Eighty-eight students from four East Hawaii high schools have been working since September to prepare their products for sale at the Junior Achievement Trade Fair at the Prince Kuhio Plaza this Friday starting at 6 a.m. and Saturday starting at 10 a.m..

The students are part of the JA Company Program and are organized into four company teams, each sponsored and advised by a local business. During the 15-week program, students learn to be entrepreneurs by running their own business.

They purchase startup stock in their company, select leaders, decide on what products they’ll market, manufacture the products and account for all expenses and revenues. The Trade Fair is an opportunity for the public to see what their hard work has accomplished and to purchase their products.

Simplicity, the JA company sponsored by Bank of Hawaii, will be selling notepads with matching pens as well as personalized luggage tags.

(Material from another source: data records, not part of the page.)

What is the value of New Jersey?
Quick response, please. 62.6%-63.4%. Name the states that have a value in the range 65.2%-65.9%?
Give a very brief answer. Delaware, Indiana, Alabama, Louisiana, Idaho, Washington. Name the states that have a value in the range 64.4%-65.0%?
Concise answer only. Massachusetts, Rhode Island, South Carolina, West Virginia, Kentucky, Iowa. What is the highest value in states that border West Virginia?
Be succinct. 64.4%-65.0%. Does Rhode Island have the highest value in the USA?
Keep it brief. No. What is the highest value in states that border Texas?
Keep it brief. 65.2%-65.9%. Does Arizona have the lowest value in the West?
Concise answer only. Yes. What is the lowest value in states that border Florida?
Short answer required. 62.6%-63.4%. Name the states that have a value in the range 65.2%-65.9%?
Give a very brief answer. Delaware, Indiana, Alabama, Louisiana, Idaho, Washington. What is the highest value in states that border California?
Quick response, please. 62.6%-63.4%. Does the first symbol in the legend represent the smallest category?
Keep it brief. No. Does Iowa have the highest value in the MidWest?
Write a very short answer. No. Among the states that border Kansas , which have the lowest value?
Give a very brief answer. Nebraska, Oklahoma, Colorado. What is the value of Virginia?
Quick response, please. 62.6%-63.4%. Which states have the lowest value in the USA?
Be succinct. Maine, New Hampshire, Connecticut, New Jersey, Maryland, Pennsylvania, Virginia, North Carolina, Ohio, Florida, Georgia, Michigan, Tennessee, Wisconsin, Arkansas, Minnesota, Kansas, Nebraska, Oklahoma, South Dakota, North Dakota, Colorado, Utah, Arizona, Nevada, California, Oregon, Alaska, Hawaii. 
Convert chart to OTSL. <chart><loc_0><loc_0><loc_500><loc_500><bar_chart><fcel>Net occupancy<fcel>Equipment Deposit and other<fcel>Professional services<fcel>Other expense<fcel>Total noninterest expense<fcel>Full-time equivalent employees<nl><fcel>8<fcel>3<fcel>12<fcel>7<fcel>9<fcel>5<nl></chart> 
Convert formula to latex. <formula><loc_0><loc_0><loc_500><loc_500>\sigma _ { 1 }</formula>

Meile ellis-Tingle, president of the HELCO-sponsored JA company called 808Fine said, “everything our company produces is created with elegance, taste and style in mind.” Her company will be selling T-shirts featuring a design that according to company literature, “illustrates all of the values that hold a family together,” as well as origami hair pieces.

Big Island Toyota’s sponsored company is called Kulia I Ka Nu‘u, which means “Strive for the Best.” Company president Becky Kyota said, “we’re focusing our business plan on green products such as Koa key chains and frames, as well as on origami-type folded gift bags that don’t use any tape or adhesive.”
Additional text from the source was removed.